Tuesday’s public hearing drew a crowd to discuss Dadeville’s animal ordinance. | Alison James
Tuesday’s public hearing drew a crowd to discuss Dadeville’s animal ordinance. | Alison James

Archived Story

City hears public input on proposed animal ordinance

Published 1:53pm Thursday, June 20, 2013

Dadeville’s proposed animal ordinance came under public critique Tuesday with a hearing held at the Recreation Center.

Citizens were invited to speak their minds for up to three minutes on the proposed animal ordinance. Many came with prepared statements – most opposing all or part of the ordinance.

“This is a quite comprehensive ordinance here – I look at it as a lot of overkill,” said Mike McGill. “We just need to have some ordinance where we hold the pet owners responsible. If you can’t be responsible for your animal, you don’t need to have one.”

Several citizens had similar opinions, that the ordinance was excessive. Dan Cook said he was behind the part of the ordinance that addressed vicious animals but opposed to the rest of it.

“This is so ridiculous. If I turn my cat out, I have to be walking my cat on a leash. Wouldn’t I be a pretty sight out walking my cat on a leash?” Cook said. “If I’d wanted to live in New York City, I would have moved to New York City, not Dadeville.”

He wasn’t the only one who indicated the ordinance was too detailed for Dadeville.

“This isn’t Atlanta, Birmingham or Montgomery – this is Dadeville,” said Rex Young.

“Incorporating this as it is written is excessive in Dadeville,” said Renatta Rives. “Now if you want to go to Montgomery or Birmingham or Atlanta, this might be lovely. But this is Dadeville.”

Amidst a barrage of criticism that the ordinance was too long, too strict and overly detailed, city attorney Robin Reynolds offered his input.

“This ordinance was not intended to be passed as it was written,” Reynolds said. “It was written as a comprehensive ordinance to be pared down.”

Several citizens shared stories of walking with golf clubs, sticks and stones to protect themselves against potential attacks. The ordinance largely came under discussion after issues brought up by Richard Jarrell, whose dog was attacked by a pack of pitbulls when he was out walking.

“You are elected to make the tough decisions and accomplish the tough tasks,” Jarrell said to the council. “I challenge you to find a solution to this problem that will work – not a perfect solution, but some solution. I want to congratulate you on having the courage to come this far.”

Although several who attended the meeting wanted an ordinance that was directed specifically toward vicious dogs – and not toward pets that haven’t been a problem – other citizens said that wasn’t enough.

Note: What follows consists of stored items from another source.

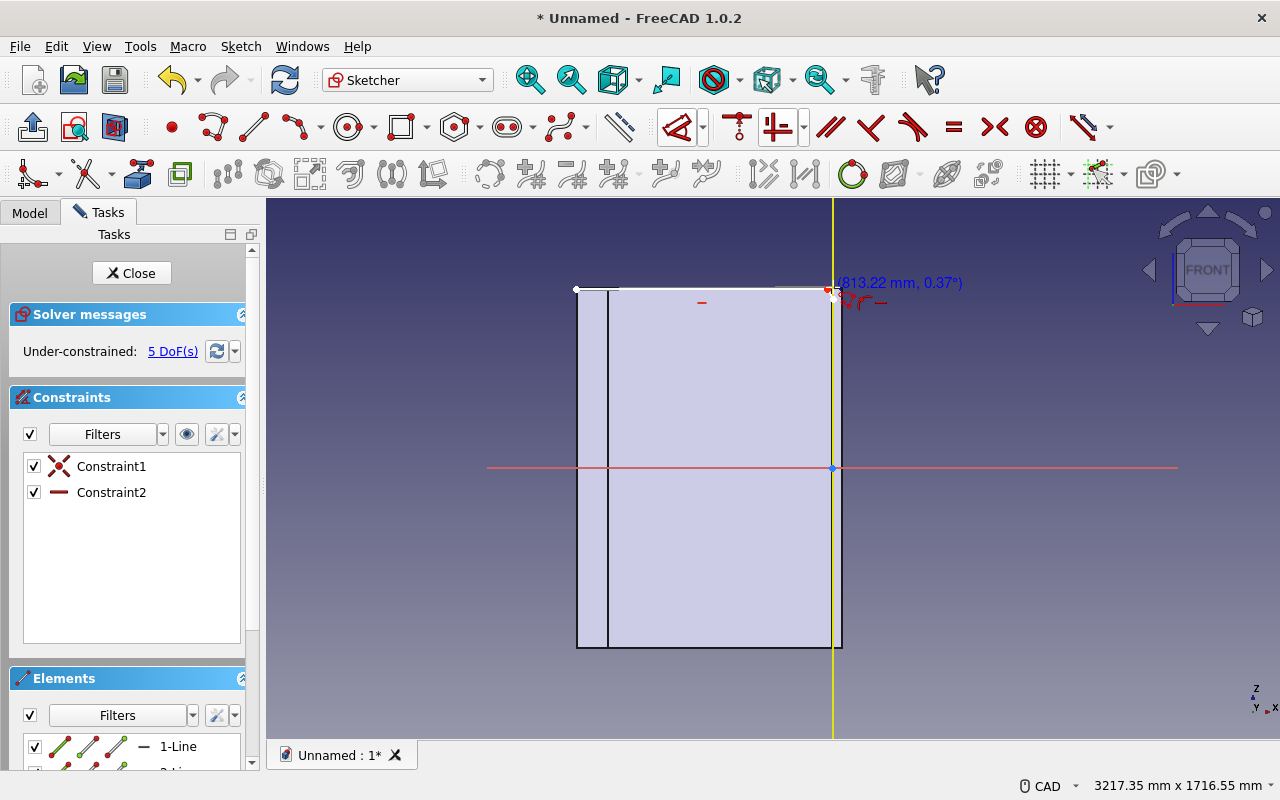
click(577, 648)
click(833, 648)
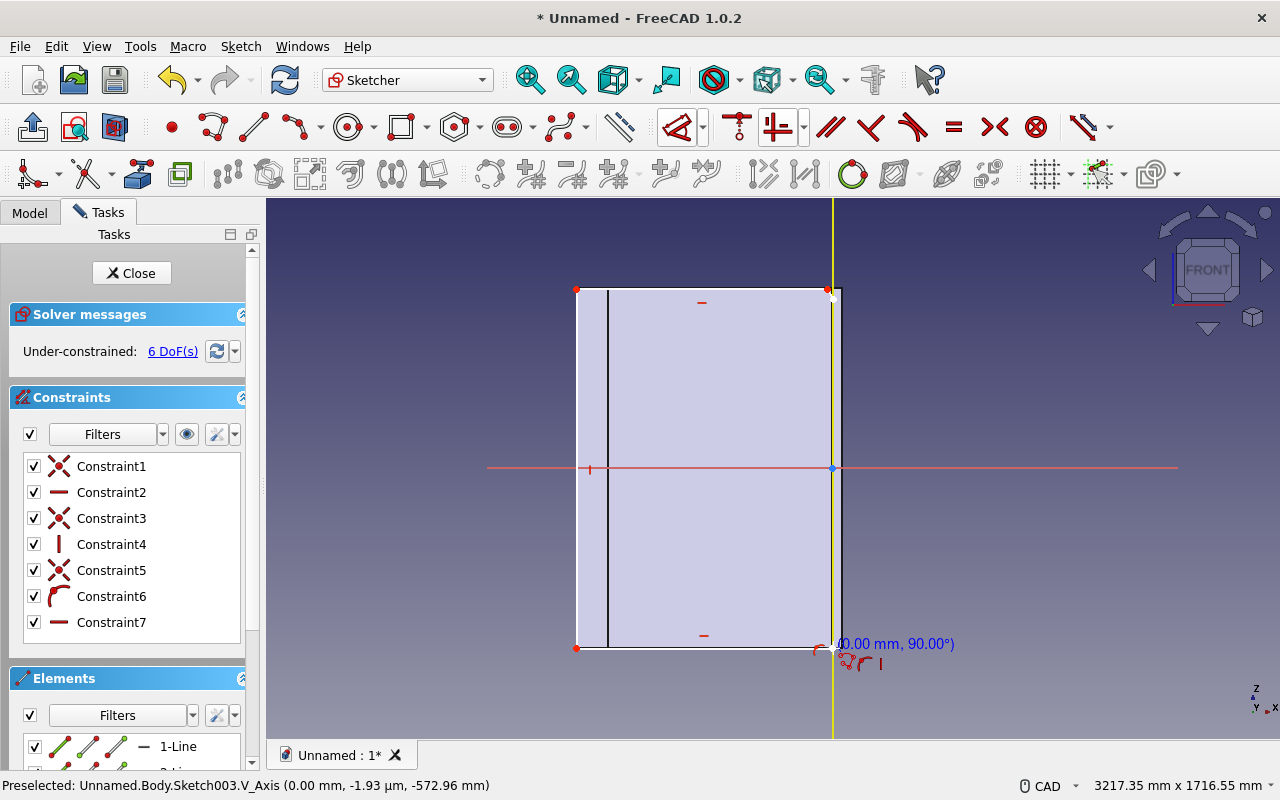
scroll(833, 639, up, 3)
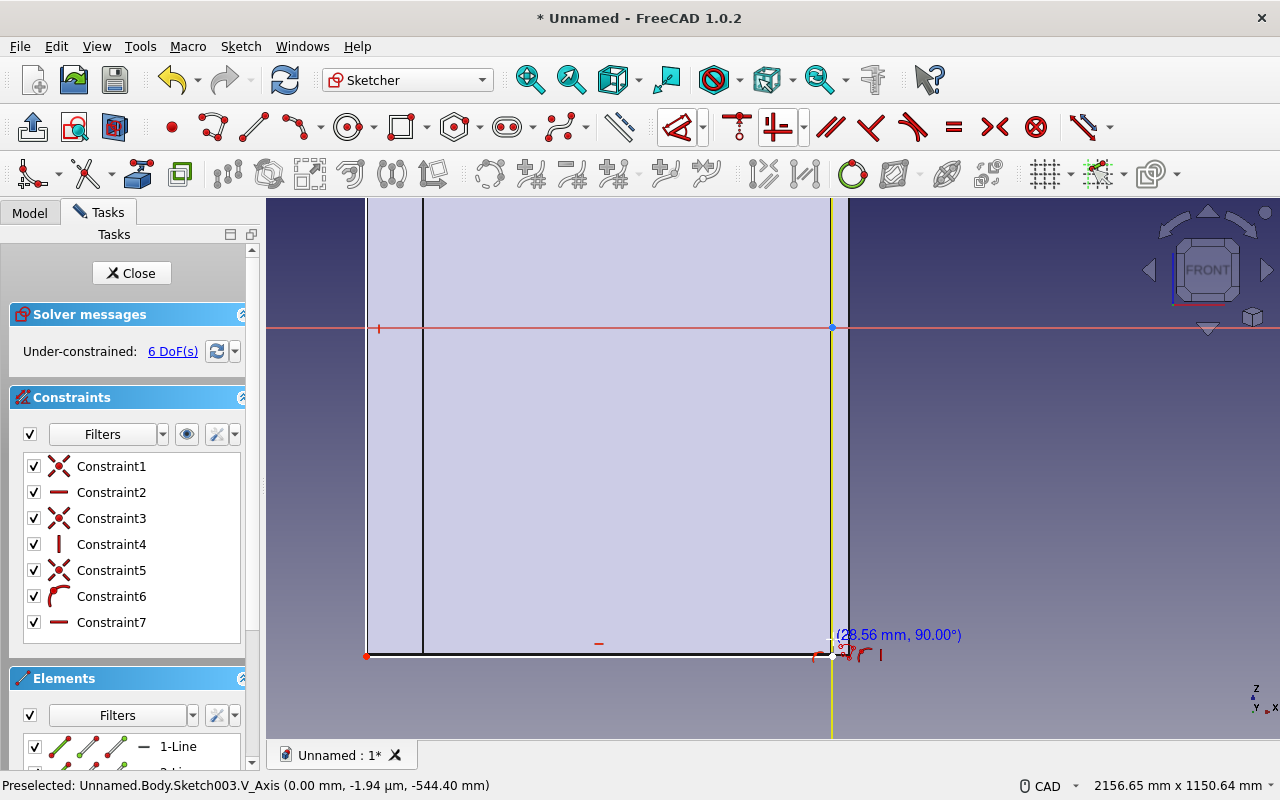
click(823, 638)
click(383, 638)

“I want to tell you nice folks that have these real nice dogs that are not a problem: For the last four years, I have had anywhere from five to nine dogs at a time in a pack early in the morning and late at night bunching my cows up – and I can attribute at least one death of an animal to it – right here in the city limits,” said Raphord Farrington. “And these dogs all have collars and tags on. They are your dogs that sleep on the porch all day, but they get to running together at night in packs.”

Councilman Frank Goodman said the council had a lot to consider following the hearing.

“There was some good things said out there, but then there was some negativity,” Goodman said. “I’m just hoping we will get it narrowed down and come to a solution on this … and I’m just hoping it will please most people.”